> [Task to carry out]: In the data below, find the line that contains "3) round machined part (207,0,216,2)" and the line that contains "4) round machined part (229,118,293,185)". Copy both, plus every line between them, exactly.

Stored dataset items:
┌────────
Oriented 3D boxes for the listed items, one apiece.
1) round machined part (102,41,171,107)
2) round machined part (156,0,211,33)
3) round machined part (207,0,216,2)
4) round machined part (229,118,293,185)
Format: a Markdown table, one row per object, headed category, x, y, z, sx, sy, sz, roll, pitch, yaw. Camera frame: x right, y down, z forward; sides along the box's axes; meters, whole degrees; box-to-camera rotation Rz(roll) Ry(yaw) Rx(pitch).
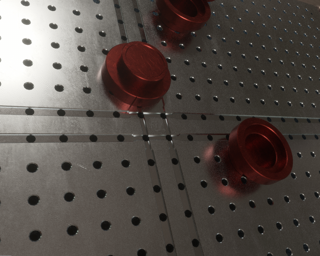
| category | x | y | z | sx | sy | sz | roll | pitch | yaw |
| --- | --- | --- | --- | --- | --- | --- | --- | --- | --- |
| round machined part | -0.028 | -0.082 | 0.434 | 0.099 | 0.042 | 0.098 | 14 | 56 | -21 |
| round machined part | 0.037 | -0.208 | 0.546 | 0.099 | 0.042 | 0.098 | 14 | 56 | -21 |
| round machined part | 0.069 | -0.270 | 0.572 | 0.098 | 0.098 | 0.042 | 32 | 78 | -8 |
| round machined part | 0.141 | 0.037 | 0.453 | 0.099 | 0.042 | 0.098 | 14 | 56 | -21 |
└────────
> [Exercise response]:
3) round machined part (207,0,216,2)
4) round machined part (229,118,293,185)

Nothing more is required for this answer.